El límite de detección a una frecuencia del 100% fue de 500 copias por cada 25 microlitros de reacción. En el RT-LAMP colorimétrico, las muestras positivas cambiaron de color de rosa a amarillo debido a un cambio de pH de ocho a 5,5. En números bajos de la copia, las muestras fueron funcionadas en un gel de la agarosa para confirmar los positivos con el escala-como patrón resultante.
Los métodos de RT QPCR se probaron con muestras ambientales. Todas las mezclas principales eran sensibles a los inhibidores en las concentraciones bajas del número de la copia del control positivo. En las concentraciones bajas de la plantilla, los métodos tradicionales de la polimerización en cadena de RT mostraron falsos positivos y falsos negativos.
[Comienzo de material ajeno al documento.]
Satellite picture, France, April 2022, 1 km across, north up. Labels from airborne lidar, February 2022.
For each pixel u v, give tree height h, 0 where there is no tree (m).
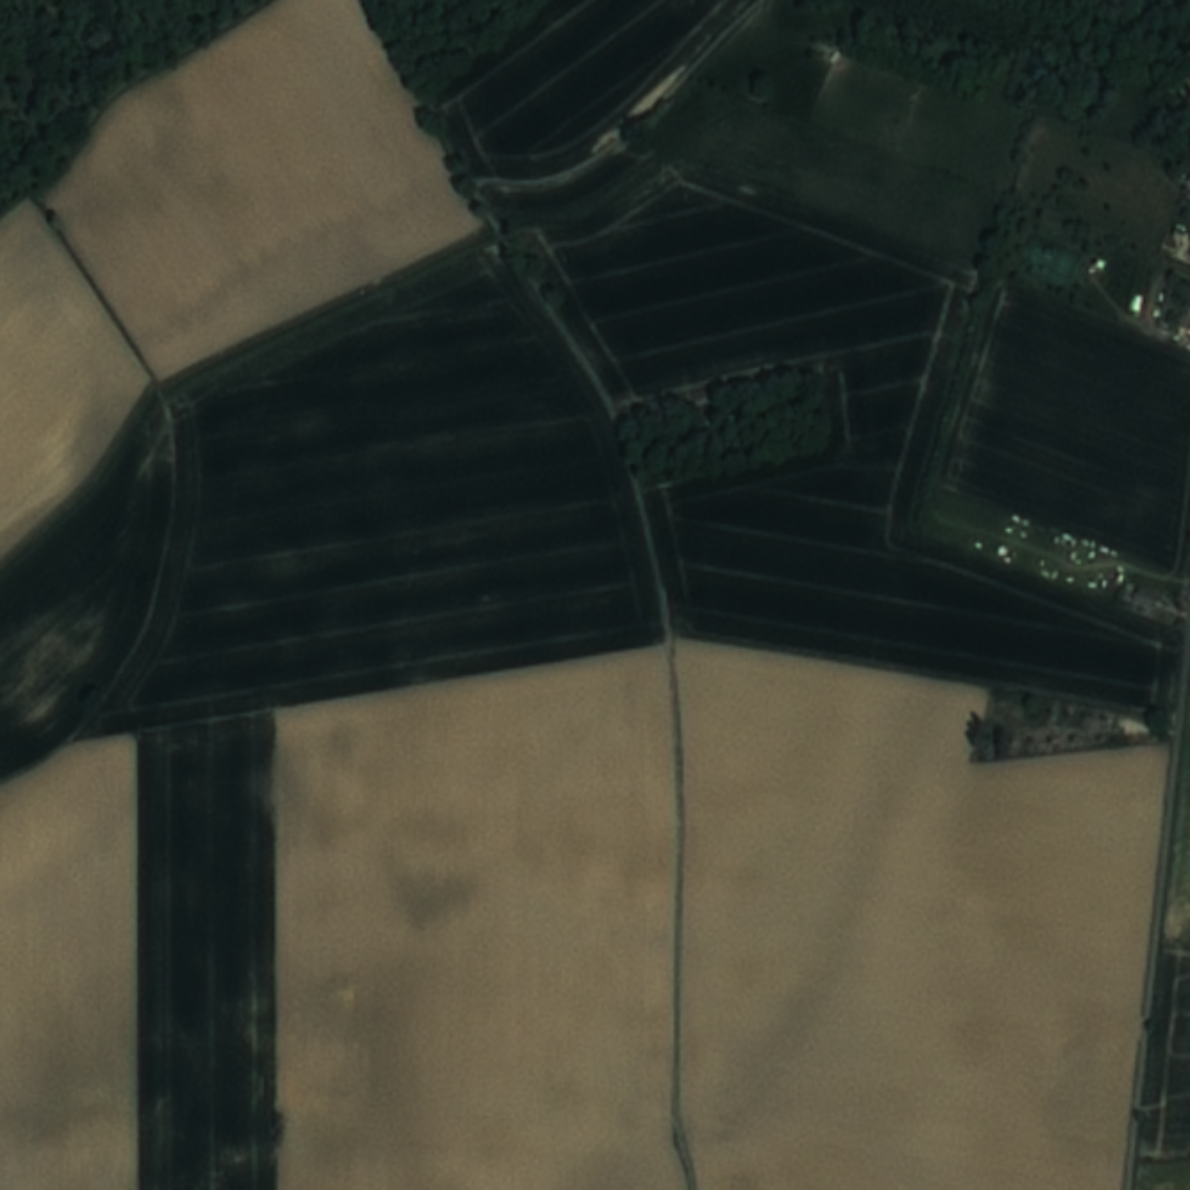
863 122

Por último, una técnica llamada amplificación del círculo rodante detectó pequeñas cantidades de la secuencia objetivo. Sin embargo, demostró la amplificación de la punta de prueba en ausencia de una plantilla del ARN. Es vital lanzar un llamado a la acción que llegue a todos los sectores de la comunidad para que el muestreo realmente represente el riesgo de exposición de todos los miembros de esa comunidad.
Este marco detecta material genético del SARS-CoV-2. Los estudios para probar la viabilidad viral son el siguiente paso.